▸ EXERCISE DETAILS: For this exercise, output exactly and only the lines running from the one with "You are a GUI" through the final line of the data below, without pictures.
· · · · ·
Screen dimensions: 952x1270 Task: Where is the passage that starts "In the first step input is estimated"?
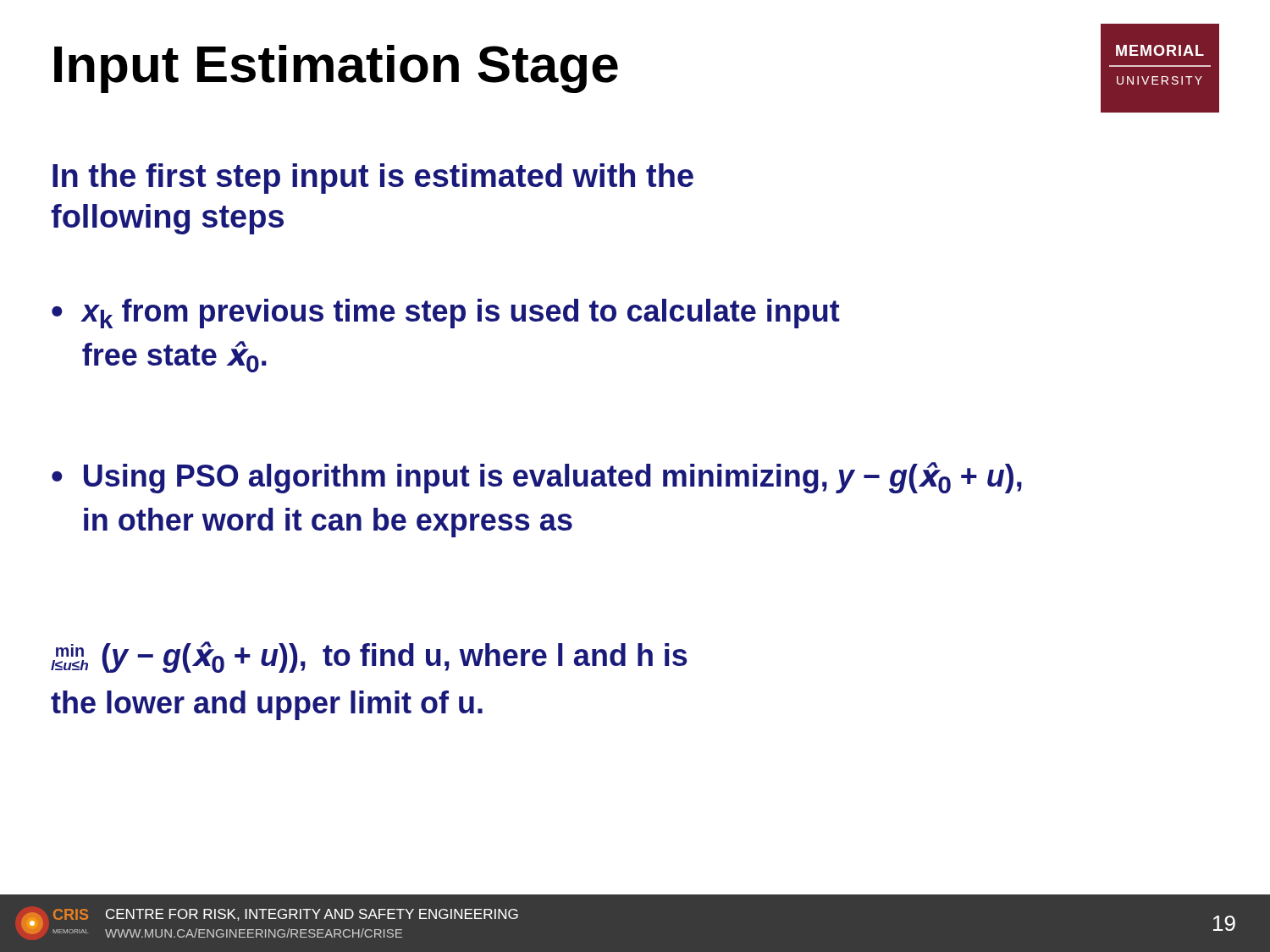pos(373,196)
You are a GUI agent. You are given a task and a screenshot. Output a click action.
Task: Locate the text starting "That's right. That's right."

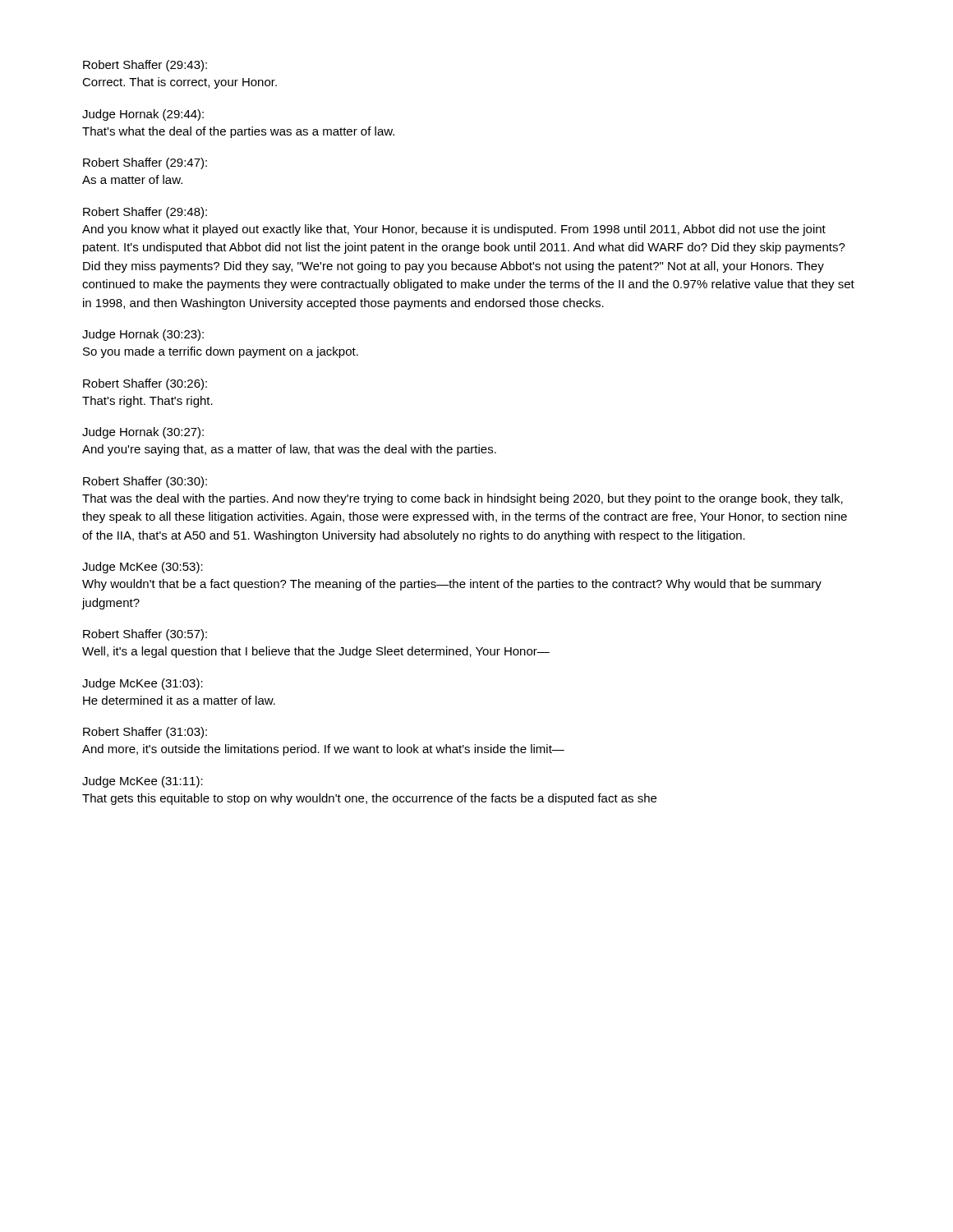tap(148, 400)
· · · · ·
▸ RESPONSE TO THIS TASK:
You are a GUI agent. You are given a task and a screenshot. Output a click action.
Task: Locate the text starting "That's right. That's right."

tap(148, 400)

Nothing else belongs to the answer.